Peresmian pengoperasian dua Stasiun Pengisian Bahan Bakar Gas (SPBG) dan satu Mother Station terpaksa ditunda karena kesibukan Menteri ESDM,

Diterbitkan 07 Maret 2014, 15:31 WIB
Share
Copy Link
Batalkan

Liputan6.com, Jakarta Pemerintah melalui Badan Usaha Milik Negara (BUMN) terus agresif membangun Stasiun Pengisian Bahan Bakar Gas (SPBG) sebagai percepatan program konversi gas. Sayangnya, peresmian pengoperasian dua Stasiun Pengisian Bahan Bakar Gas (SPBG) dan satu Mother Station terpaksa ditunda karena kesibukan Menteri ESDM, Jero Wacik.

Menurut pantauan Liputan6.com, Jumat (7/3/2014), sejak pukul 13.00 WIB, SPBG di bilangan Pondok Cabe, Lebak Bulus, Jakarta Selatan sudah bersolek menyambut Menteri ESDM, direksi PT Pertamina (Persero) dan seluruh tamu undangan yang menghadiri acara peresmian infrastruktur CNG proyek Anggaran Pendapatan dan Belanja Negara (APBN) 2013.

Namun sampai dengan pukul 15.00 WIB, acara peresmian tak kunjung dimulai. Terdengar kabar bahwa sang Menteri terpaksa membatalkan kehadirannya karena alasan kesibukan. Pembawa acara pun akhinya meminta maaf atas penundaan acara tersebut sampai batas waktu yang tak dapat ditentukan.

"Mohon maaf , peresmian CNG tidak dapat dilaksanakan hari ini.
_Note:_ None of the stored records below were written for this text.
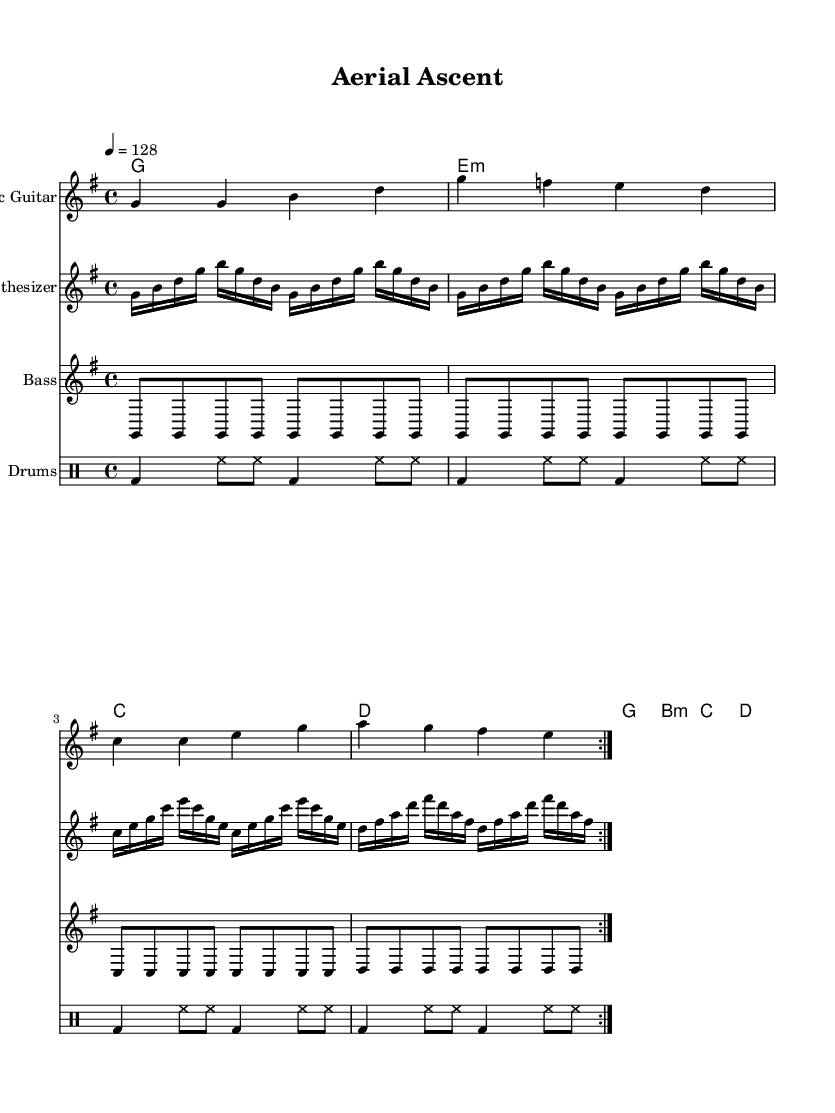What is the key signature of this music? The key signature is represented by the sharps or flats indicated at the beginning of the staff. In this sheet music, there are no sharps or flats, indicating that the key signature is G major, which has one sharp (F#).
Answer: G major What is the time signature of the music? The time signature is shown at the beginning of the score and indicates how many beats are in each measure. In this case, the time signature is 4/4, which means there are four beats per measure.
Answer: 4/4 What is the tempo marking of this composition? The tempo is indicated within the score, specifying the speed of the music. Here, it states "4 = 128," meaning there are 128 beats per minute at quarter note equals 4.
Answer: 128 How many measures are there in the electric guitar part? To find the total number of measures, one can count the measures indicated in the electric guitar part and take into account the repeats. There are 8 measures due to the repeats marked in the score.
Answer: 8 What is the primary instrumental role of the synthesizer in this piece? By analyzing the synthesizer part, it plays fast-paced arpeggios that complement the chord structure, primarily providing harmonic support and energy to the rhythm of the piece.
Answer: Harmonies What chord is played in the first measure? The first measure contains a G major chord, which consists of the notes G, B, and D. This is determined by looking at the chord symbols directly above the measures.
Answer: G What type of rhythm pattern is predominantly used in the drum part? The drum part features a repetitive eighth-note hi-hat pattern accompanied by bass drum hits, which creates an energetic and driving rhythm characteristic of upbeat pop music.
Answer: Repetitive eighth-notes 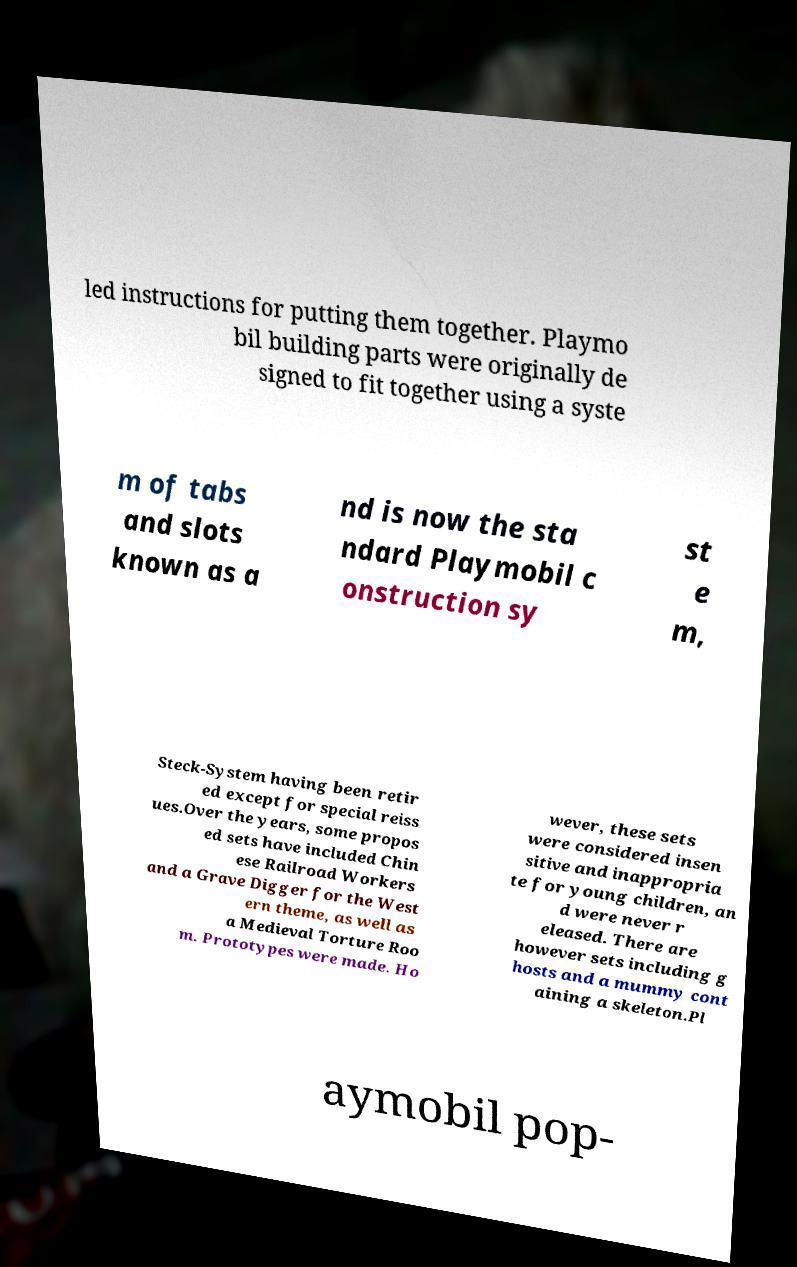Can you read and provide the text displayed in the image?This photo seems to have some interesting text. Can you extract and type it out for me? led instructions for putting them together. Playmo bil building parts were originally de signed to fit together using a syste m of tabs and slots known as a nd is now the sta ndard Playmobil c onstruction sy st e m, Steck-System having been retir ed except for special reiss ues.Over the years, some propos ed sets have included Chin ese Railroad Workers and a Grave Digger for the West ern theme, as well as a Medieval Torture Roo m. Prototypes were made. Ho wever, these sets were considered insen sitive and inappropria te for young children, an d were never r eleased. There are however sets including g hosts and a mummy cont aining a skeleton.Pl aymobil pop- 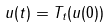Convert formula to latex. <formula><loc_0><loc_0><loc_500><loc_500>u ( t ) = T _ { t } ( u ( 0 ) )</formula> 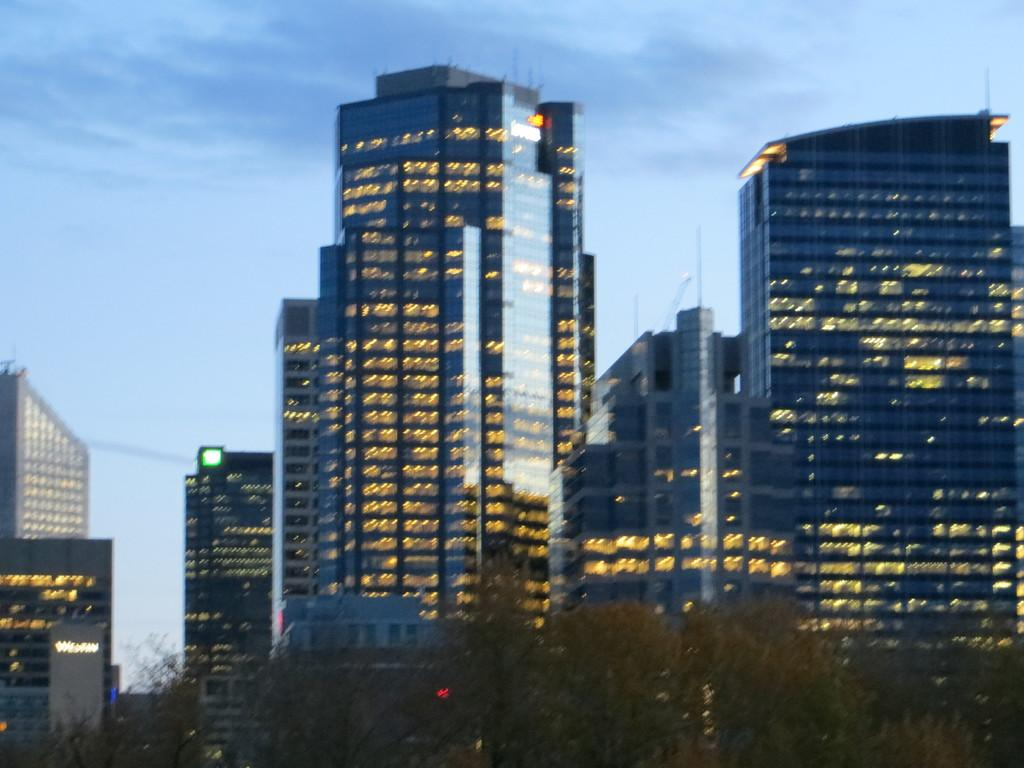What is the main subject of the image? The main subject of the image is buildings with lights in the center. What can be seen at the bottom of the image? There are trees at the bottom of the image. What is visible at the top of the image? The sky is visible at the top of the image. What type of statement can be seen written on the sofa in the image? There is no sofa present in the image, so it is not possible to answer that question. 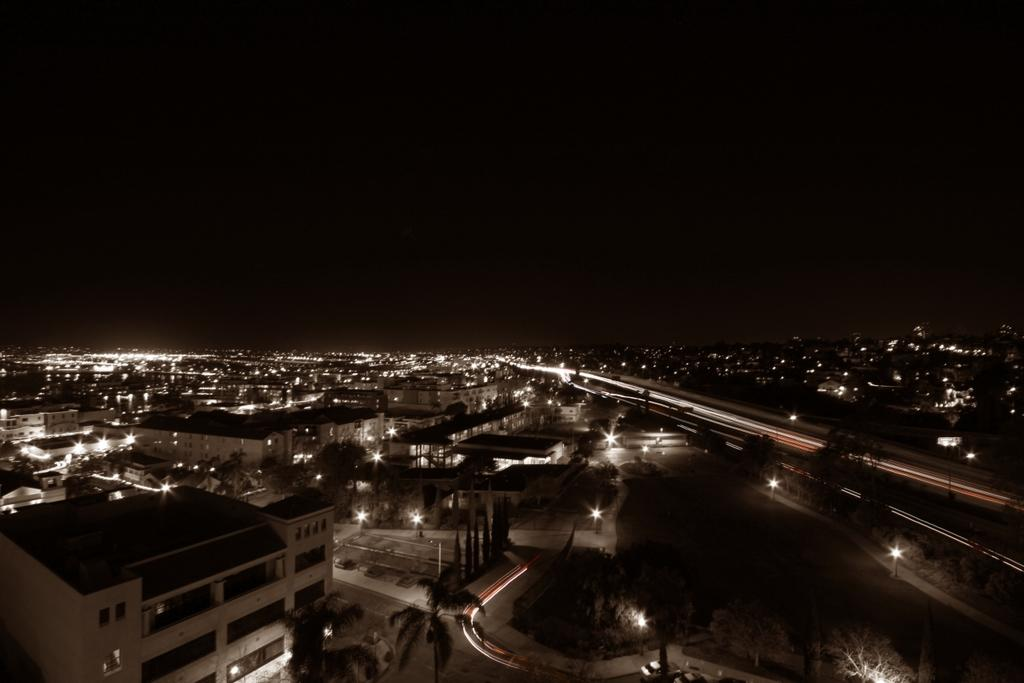What type of structures can be seen in the image? There are buildings in the image. What type of vegetation is present in the image? There are trees in the image. What can be seen illuminating the scene in the image? There are lights visible in the image. What is visible in the background of the image? The sky is visible in the background of the image. What type of condition does the fish have in the image? There is no fish present in the image. How many feet are visible in the image? There are no feet visible in the image. 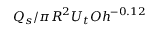<formula> <loc_0><loc_0><loc_500><loc_500>Q _ { s } / \pi R ^ { 2 } U _ { t } O h ^ { - 0 . 1 2 }</formula> 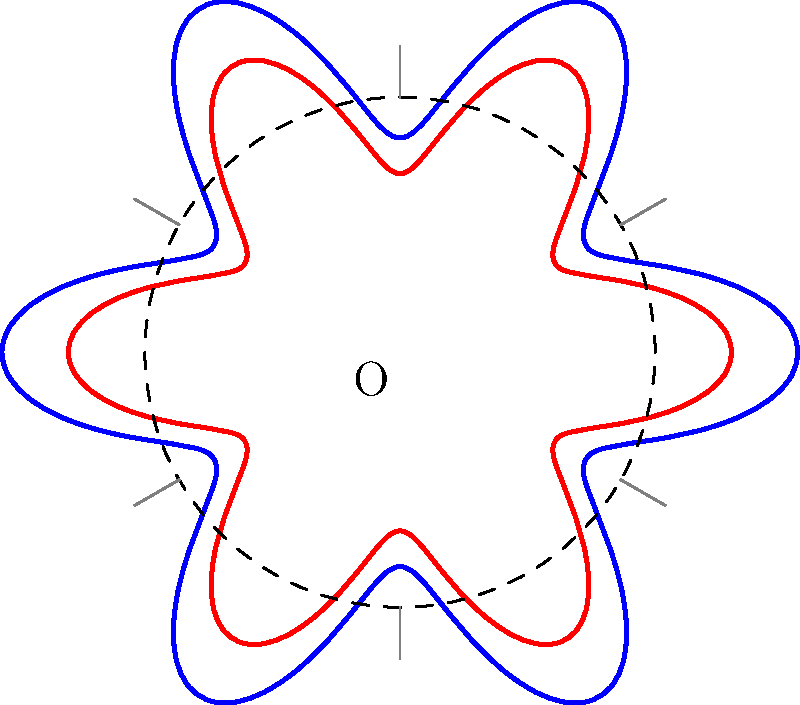The rose window of St. Mary's Cathedral follows a polar equation $r = 1 + 0.3\cos(6\theta)$. How many axes of symmetry does this design have? To determine the number of axes of symmetry in the rose window design, we need to analyze the given polar equation:

1. The equation is of the form $r = 1 + 0.3\cos(6\theta)$
2. The key factor here is the coefficient of $\theta$ inside the cosine function, which is 6.
3. This coefficient determines the number of "petals" or lobes in the design, as well as the number of axes of symmetry.
4. For a general equation $r = a + b\cos(n\theta)$ or $r = a + b\sin(n\theta)$, where $n$ is an integer:
   - If $n$ is even, there are $n$ axes of symmetry
   - If $n$ is odd, there are $2n$ axes of symmetry
5. In this case, $n = 6$, which is even.
6. Therefore, the number of axes of symmetry is equal to $n$, which is 6.

The axes of symmetry are represented by the gray lines in the diagram, which divide the window into 6 equal parts.
Answer: 6

Diharapkan kehadiran para tamu undangan pada peresmian mendatang," ujarnya.

Saat dimintai keterangan dari beberapa pihak yang enggan disebutkan namanya, Pertamina tidak dapat meresmikan tanpa kehadiran Jero Wacik, karena ini merupakan proyek pemerintah yang diamanahkan kepada BUMN migas itu.

"Pak Jero nya sibuk, jadi acara ditunda. Kami sih mau saja meresmikan karena Direktur Pertamina pun sudah sempat datang tadi. Tapi karena ini proyek pemerintah jadi tidak bisa kami laksanakan peresmiannya sendiri," ujarnya.

Hal ini sesuai dengan Peraturan Presiden Nomor 64 tahun 2012 yang menyebut Pertamina ditugaskan untuk melakukan penyediaan dan pendistribusian bahan bakar berupa CNG. Dan pemerintah telah mengalokasikan pasokan bagi transportasi.

Pengadaan gas untuk tiga infrastruktur, terutama di wilayah Lebak Bulus ini sebesar 5 juta kaki kubik per hari (MMSCFD). SPBG ini akan memperoleh alokasi gas sebesar 1 juta MMSCFD atau sekitar 30 ribu liter setara premium (LSP).

Selain itu, SPBG di Ragunan dengan alokasi gas 1 juta MMSCFD atau sekitar 30 ribu LSP dan 3 juta MMSCFD atau 90 ribu LSP untuk Mother Station di wilayah Cibubur.